Oder ins Arbeitszimmer, wo immer ein kreatives Chaos herrscht? Nein: Da lag doch glatt die schon jetzt fertig ausgefüllte Steuererklärung für 2004.
Während ich noch überlegte, sah ich mit Entsetzen, dass der Mainstream die Kicker-Bundesliga-Stecktabelle im Flur entdeckt hatte. Er grinste so überlegen, dass ich in Wut geriet.
Ich packte ihn und redete auf ihn ein: „Hören Sie, Mann! Sie haben sich geirrt, und ich kann es beweisen: Hier, schauen Sie nur: Diese selbst gebrannten CDs! Illegal aus dem Netz runtergeladener Kwaito. Ist das etwa middle of the road?“
„Die gehören deiner Freundin“, antwortete er, „du kannst mir nichts vormachen.
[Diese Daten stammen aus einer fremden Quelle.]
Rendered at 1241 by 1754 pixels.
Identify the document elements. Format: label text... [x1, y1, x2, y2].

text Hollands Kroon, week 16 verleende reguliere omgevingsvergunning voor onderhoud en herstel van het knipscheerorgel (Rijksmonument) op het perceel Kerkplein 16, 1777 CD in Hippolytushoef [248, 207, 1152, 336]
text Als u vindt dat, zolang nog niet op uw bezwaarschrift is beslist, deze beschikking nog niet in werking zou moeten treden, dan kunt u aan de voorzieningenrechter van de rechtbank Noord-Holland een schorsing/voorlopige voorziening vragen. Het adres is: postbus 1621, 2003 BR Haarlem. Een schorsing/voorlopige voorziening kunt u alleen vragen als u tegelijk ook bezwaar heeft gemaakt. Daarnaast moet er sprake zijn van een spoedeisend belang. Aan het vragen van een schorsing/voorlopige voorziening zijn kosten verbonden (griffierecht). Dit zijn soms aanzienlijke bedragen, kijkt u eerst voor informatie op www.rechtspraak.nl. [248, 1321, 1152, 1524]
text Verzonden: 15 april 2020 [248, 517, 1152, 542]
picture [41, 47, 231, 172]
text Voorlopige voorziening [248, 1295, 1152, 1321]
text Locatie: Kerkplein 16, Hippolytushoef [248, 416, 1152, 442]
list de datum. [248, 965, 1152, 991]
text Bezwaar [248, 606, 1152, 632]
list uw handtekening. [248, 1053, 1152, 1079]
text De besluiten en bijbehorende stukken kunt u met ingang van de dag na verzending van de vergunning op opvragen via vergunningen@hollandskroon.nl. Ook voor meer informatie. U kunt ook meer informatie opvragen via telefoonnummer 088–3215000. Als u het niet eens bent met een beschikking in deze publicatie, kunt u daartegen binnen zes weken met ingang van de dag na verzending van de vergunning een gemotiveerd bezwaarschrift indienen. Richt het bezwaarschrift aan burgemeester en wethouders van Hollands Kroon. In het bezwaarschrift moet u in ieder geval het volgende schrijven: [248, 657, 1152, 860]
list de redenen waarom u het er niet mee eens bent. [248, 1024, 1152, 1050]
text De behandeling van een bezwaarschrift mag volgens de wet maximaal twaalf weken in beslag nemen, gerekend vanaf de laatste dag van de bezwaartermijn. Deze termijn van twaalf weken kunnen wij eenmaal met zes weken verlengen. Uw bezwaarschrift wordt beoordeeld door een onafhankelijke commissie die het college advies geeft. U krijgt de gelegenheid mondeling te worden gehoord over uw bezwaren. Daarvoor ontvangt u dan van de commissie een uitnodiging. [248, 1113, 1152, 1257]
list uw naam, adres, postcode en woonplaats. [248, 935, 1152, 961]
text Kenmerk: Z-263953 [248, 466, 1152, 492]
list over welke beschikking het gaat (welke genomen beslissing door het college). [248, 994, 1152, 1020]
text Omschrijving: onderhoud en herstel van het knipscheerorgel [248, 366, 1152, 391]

Du hast sogar kurz überlegt, ob du dir die neue Westernhagen kaufen sollst, mein Junge.“
„Ich, ich, äh, ich fahre einen Suzuki“, warf ich ein.
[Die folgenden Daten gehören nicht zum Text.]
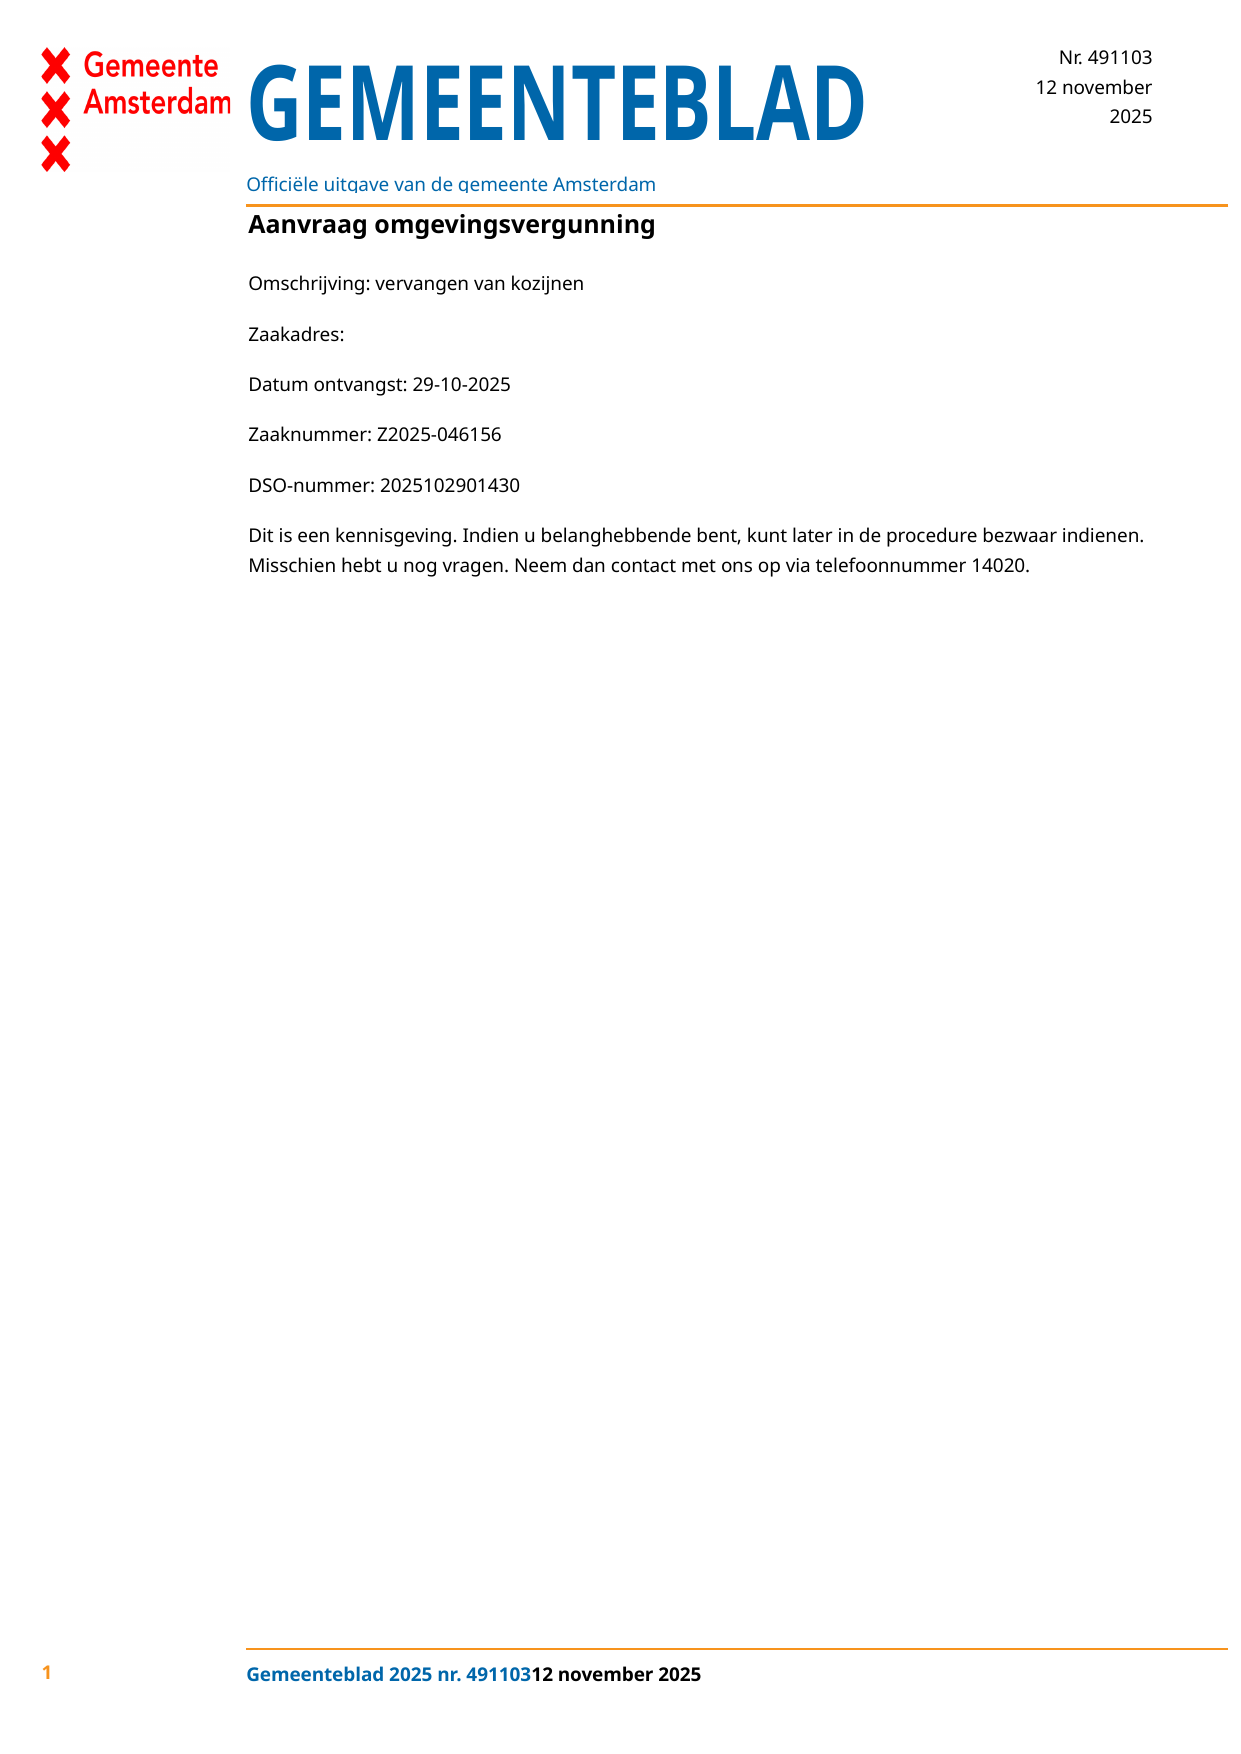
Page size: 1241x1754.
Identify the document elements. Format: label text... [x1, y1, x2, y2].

text Datum ontvangst: 29-10-2025 [248, 371, 1152, 397]
text Aanvraag omgevingsvergunning [248, 207, 1152, 241]
text Zaakadres: [248, 321, 1152, 346]
text DSO-nummer: 2025102901430 [248, 472, 1152, 498]
picture [41, 47, 231, 172]
text Omschrijving: vervangen van kozijnen [248, 270, 1152, 296]
text Zaaknummer: Z2025-046156 [248, 422, 1152, 447]
text Dit is een kennisgeving. Indien u belanghebbende bent, kunt later in de procedure bezwaar indienen. Misschien hebt u nog vragen. Neem dan contact met ons op via telefoonnummer 14020. [248, 522, 1152, 578]
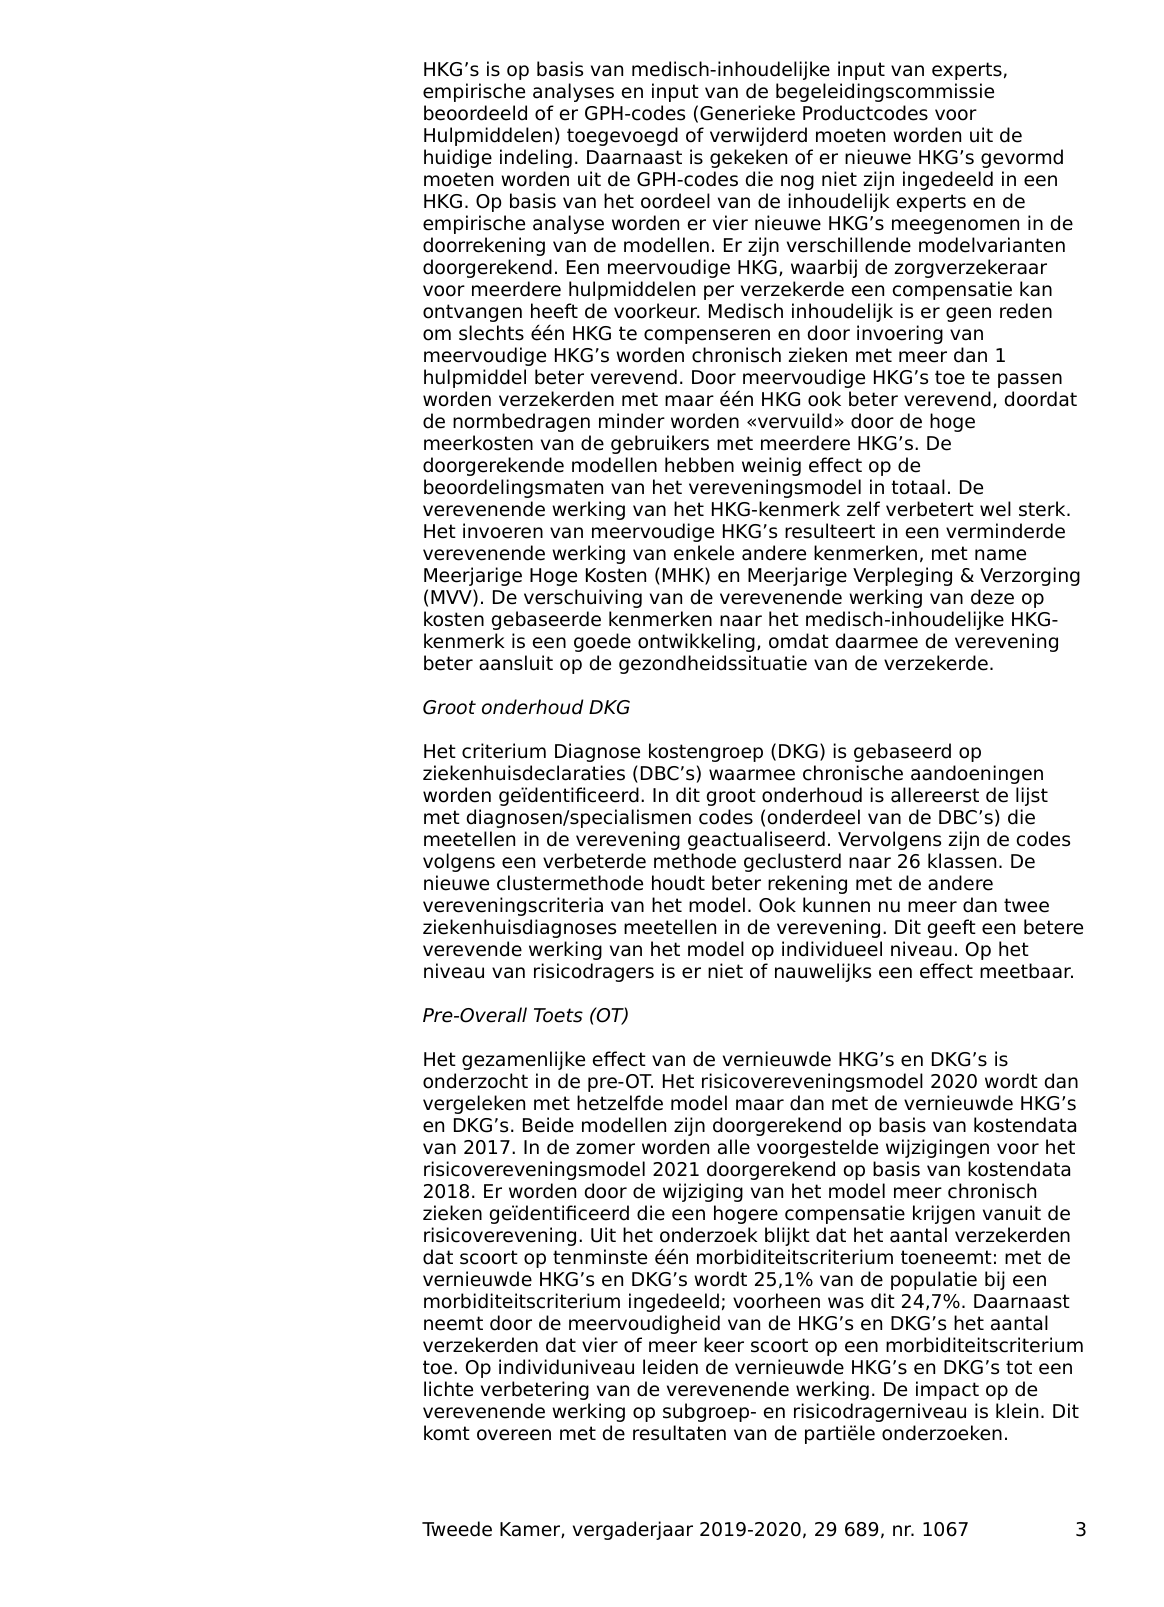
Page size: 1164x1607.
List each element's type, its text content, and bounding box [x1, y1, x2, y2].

„Ja, aber vorher hast du ausgerechnet, wie hoch die Leasingraten für einen Passat Kombi sind.“ Er wusste alles.
„Aber, aber, … ich habe illegale Drogen im Haus!“, schrie ich panisch.
„Die sind doch längst vertrocknet.“
Ich war geliefert und hatte nur noch die Chance, an meiner statt einen anderen ans Messer zu liefern. Also denunzierte ich feige: „Und was ist mit meinem Nachbarn? Arbeitet bei den Stadtwerken, hört Pur und schläft nur sonntags mit seiner Frau, wenn bei Christiansen nichts los. Warum holen Sie nicht diesen Erz-Normalo?“
„Er führt leider ein Doppelleben“, sprach der Mainstream und strich sich seufzend über die Sense: „Was ist denn jetzt mit meinem Kaffee? Ich hätte gern geschäumte Milch, braunen Zucker und dazu ein kohlensäurefreies Mineralwasser.“
„Ich hab nur Filterkaffee. Und fettarme H-Milch vom Plus“, antwortet ich.
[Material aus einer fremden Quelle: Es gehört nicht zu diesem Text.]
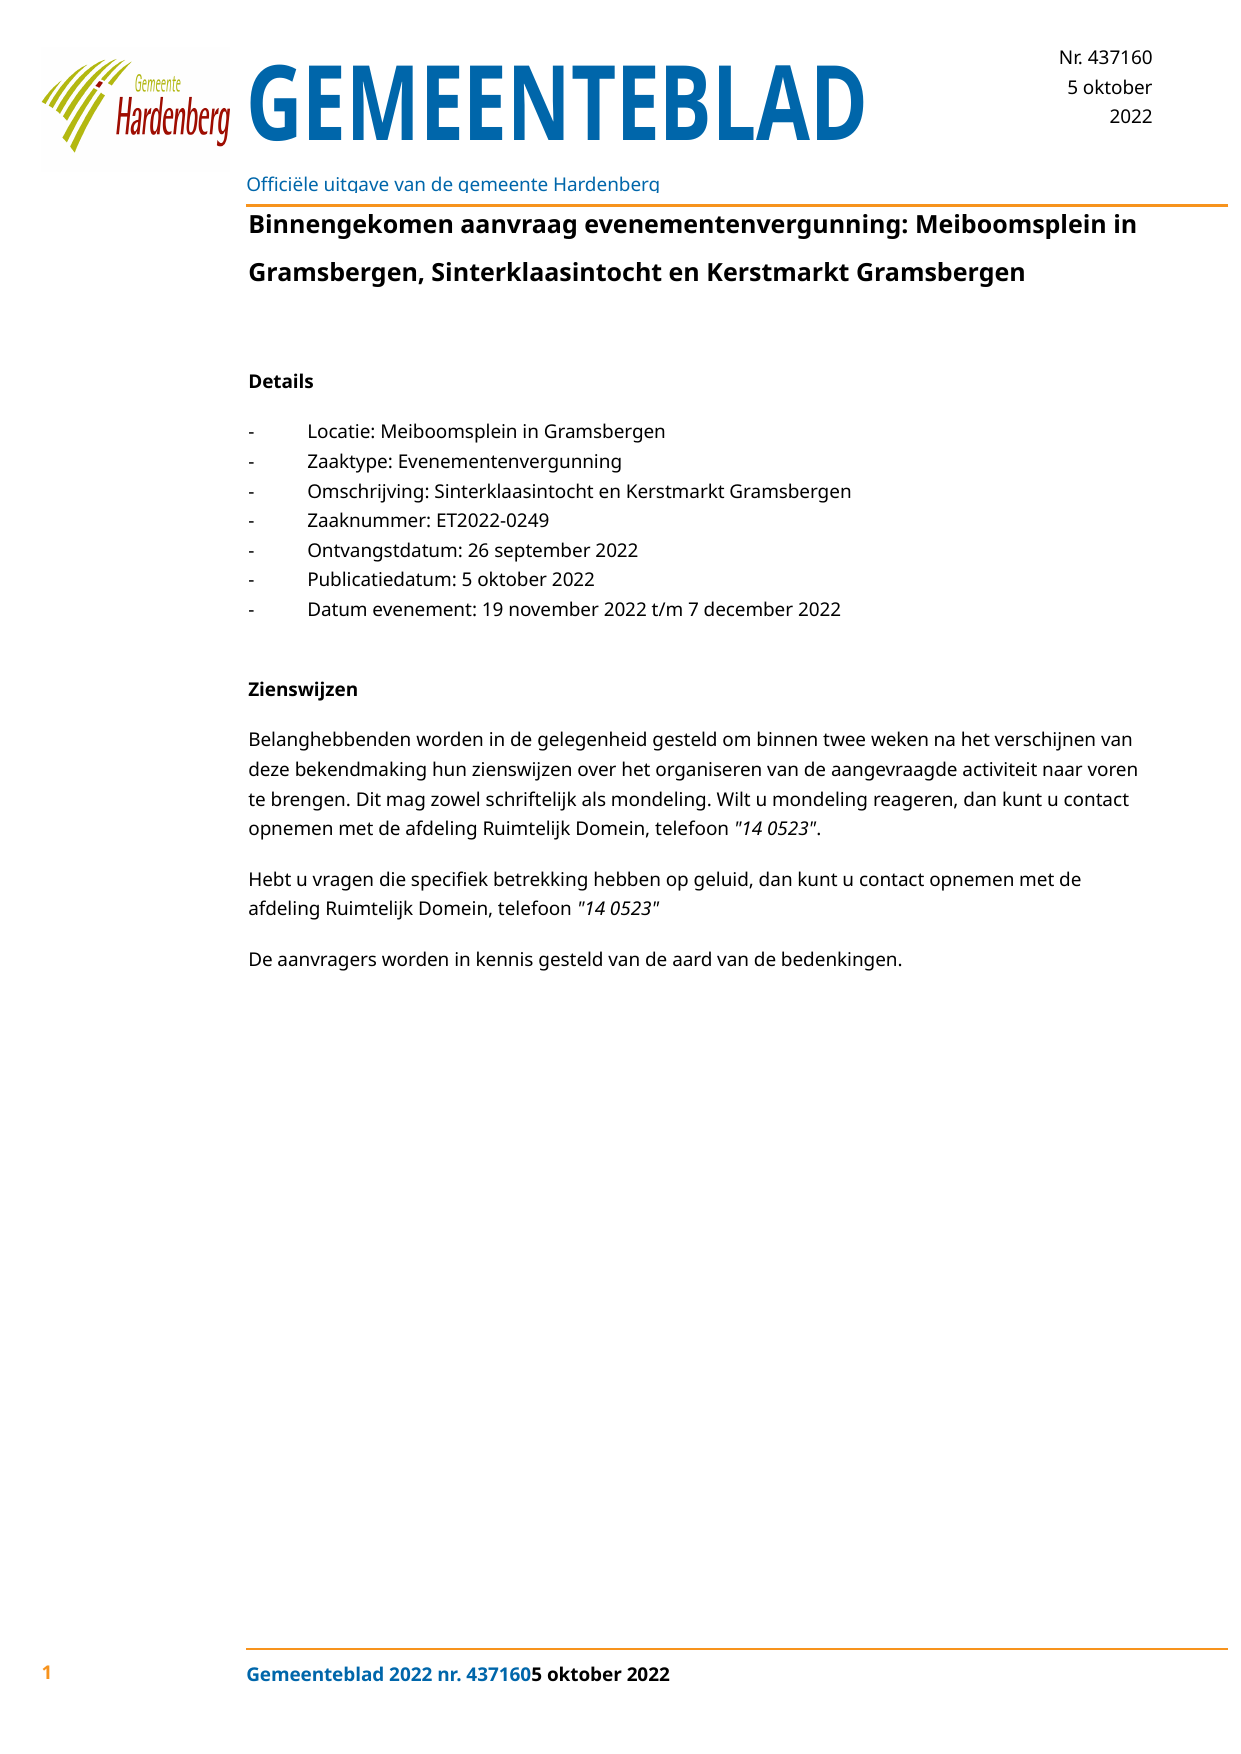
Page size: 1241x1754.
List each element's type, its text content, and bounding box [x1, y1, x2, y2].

list Publicatiedatum: 5 oktober 2022 [248, 567, 1152, 592]
text Details [248, 368, 1152, 394]
list Zaaktype: Evenementenvergunning [248, 448, 1152, 474]
text Binnengekomen aanvraag evenementenvergunning: Meiboomsplein in Gramsbergen, Sinterklaasintocht en Kerstmarkt Gramsbergen [248, 207, 1152, 288]
list Omschrijving: Sinterklaasintocht en Kerstmarkt Gramsbergen [248, 478, 1152, 504]
list Datum evenement: 19 november 2022 t/m 7 december 2022 [248, 596, 1152, 622]
list Ontvangstdatum: 26 september 2022 [248, 537, 1152, 563]
picture [41, 47, 231, 172]
list Locatie: Meiboomsplein in Gramsbergen [248, 419, 1152, 444]
text De aanvragers worden in kennis gesteld van de aard van de bedenkingen. [248, 946, 1152, 972]
text Hebt u vragen die specifiek betrekking hebben op geluid, dan kunt u contact opnemen met de afdeling Ruimtelijk Domein, telefoon "14 0523" [248, 866, 1152, 921]
list Zaaknummer: ET2022-0249 [248, 507, 1152, 533]
text Belanghebbenden worden in de gelegenheid gesteld om binnen twee weken na het verschijnen van deze bekendmaking hun zienswijzen over het organiseren van de aangevraagde activiteit naar voren te brengen. Dit mag zowel schriftelijk als mondeling. Wilt u mondeling reageren, dan kunt u contact opnemen met de afdeling Ruimtelijk Domein, telefoon "14 0523". [248, 727, 1152, 841]
text Zienswijzen [248, 676, 1152, 702]

„Kein Cappuchino, kein Latte? Du besitzt nicht einmal eine Espressomaschine? Krass. Abgefahren. Ist das ein neuer Trend?“ Der Mainstream sah endlich ein, dass er bei mir falsch war, und bat – ehrlich zerknirscht – um Entschuldigung.
Erleichtert brachte ich ihn zur Tür und wünschte ihm noch einen guten Tag.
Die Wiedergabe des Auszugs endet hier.